A β-Arrestin Binding Determinant Common to the Second Intracellular Loops of Rhodopsin Family G Protein-coupled Receptors

β-Arrestins have been shown to inhibit competitively G proteindependent signaling and to mediate endocytosis for many of the hundreds of nonvisual rhodopsin family G protein-coupled receptors (GPCR). An open question of fundamental importance concerning the regulation of signal transduction of several hundred rhodopsin-like GPCRs is how these receptors of limited sequence homology, when considered in toto, can all recruit and activate the two highly conserved β-arrestin proteins as part of their signaling/desensitization process. Although the serine and threonine residues that form GPCR kinase phosphorylation sites are common β-arrestin-associated receptor determinants regulating receptor desensitization and internalization, the agonist-activated conformation of a GPCR probably reveals the most fundamental determinant mediating the GPCR and arrestin interaction. Here we identified a β-arrestin binding determinant common to the rhodopsin family GPCRs formed from the proximal 10 residues of the second intracellular loop.
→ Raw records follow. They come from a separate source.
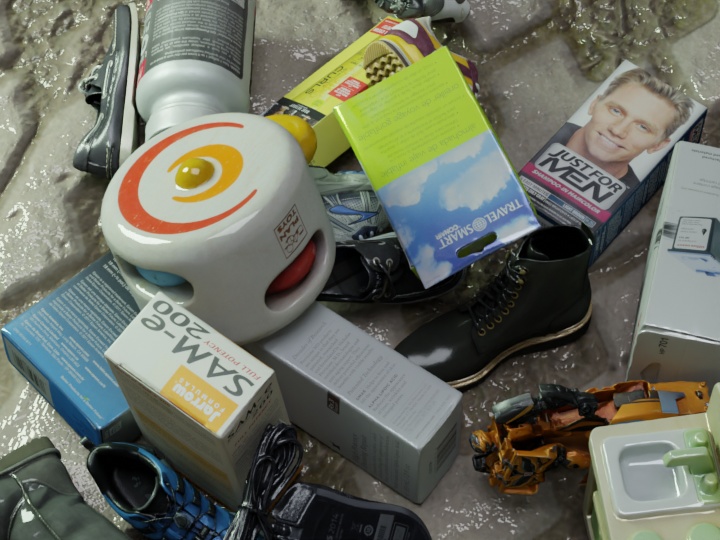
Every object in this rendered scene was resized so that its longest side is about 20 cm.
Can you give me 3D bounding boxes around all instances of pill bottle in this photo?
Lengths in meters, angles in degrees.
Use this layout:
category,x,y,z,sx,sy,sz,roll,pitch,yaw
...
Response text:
category,x,y,z,sx,sy,sz,roll,pitch,yaw
pill bottle,-0.160,-0.193,1.786,0.110,0.111,0.201,1,55,1

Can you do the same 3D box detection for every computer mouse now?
category,x,y,z,sx,sy,sz,roll,pitch,yaw
computer mouse,-0.027,0.214,1.504,0.199,0.053,0.139,26,77,-31

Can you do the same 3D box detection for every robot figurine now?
category,x,y,z,sx,sy,sz,roll,pitch,yaw
robot figurine,0.190,0.141,1.546,0.199,0.145,0.059,-6,58,-12

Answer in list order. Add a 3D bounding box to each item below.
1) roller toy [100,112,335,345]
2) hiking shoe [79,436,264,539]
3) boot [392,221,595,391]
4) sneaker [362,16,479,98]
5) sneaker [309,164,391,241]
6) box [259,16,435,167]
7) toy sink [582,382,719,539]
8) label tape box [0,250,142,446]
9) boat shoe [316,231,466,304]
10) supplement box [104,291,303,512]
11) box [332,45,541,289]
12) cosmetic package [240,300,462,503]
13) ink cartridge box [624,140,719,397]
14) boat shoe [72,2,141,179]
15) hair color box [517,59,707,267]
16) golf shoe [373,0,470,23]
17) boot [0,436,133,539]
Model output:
category,x,y,z,sx,sy,sz,roll,pitch,yaw
roller toy,-0.120,-0.040,1.567,0.199,0.140,0.183,-18,42,3
hiking shoe,-0.151,0.212,1.523,0.199,0.087,0.075,32,88,23
boot,0.113,0.027,1.620,0.199,0.139,0.078,-24,59,-13
sneaker,0.091,-0.150,1.746,0.090,0.075,0.201,-36,95,-33
sneaker,-0.013,-0.052,1.720,0.199,0.077,0.086,4,92,-15
box,-0.013,-0.168,1.792,0.200,0.050,0.075,-39,40,-22
toy sink,0.243,0.196,1.469,0.111,0.200,0.131,-7,57,-4
label tape box,-0.198,0.055,1.651,0.200,0.063,0.144,-37,63,-23
boat shoe,0.000,0.000,1.659,0.199,0.070,0.066,5,17,-7
supplement box,-0.125,0.118,1.523,0.126,0.200,0.074,33,70,20
box,0.071,-0.087,1.641,0.121,0.048,0.201,-28,67,5
cosmetic package,-0.010,0.105,1.593,0.199,0.102,0.074,30,60,20
ink cartridge box,0.290,0.013,1.621,0.085,0.147,0.201,11,58,6
boat shoe,-0.247,-0.180,1.803,0.062,0.073,0.201,1,61,-2
hair color box,0.232,-0.101,1.749,0.100,0.061,0.200,34,62,20
golf shoe,0.039,-0.302,1.888,0.094,0.078,0.200,14,26,-37
boot,-0.269,0.252,1.528,0.181,0.073,0.200,-33,69,-17

We demonstrated by both gain and loss of function studies for the serotonin 2C, β2-adrenergic, α2a-adrenergic, and neuropeptide Y type 2 receptorsthat the highly conserved amino acids, proline and alanine, naturally occurring in rhodopsin family receptors six residues distal to the highly conserved second loop DRY motif regulate β-arrestin binding and β-arrestin-mediated internalization. In particular, as demonstrated for the β2 AR, this occurs independently of changes in GPCR kinase phosphorylation. These results suggest that a GPCR conformation directed by the second intracellular loop, likely using the loop itself as a binding patch, may function as a switch for transitioning β-arrestin from its inactive form to its active receptor-binding state.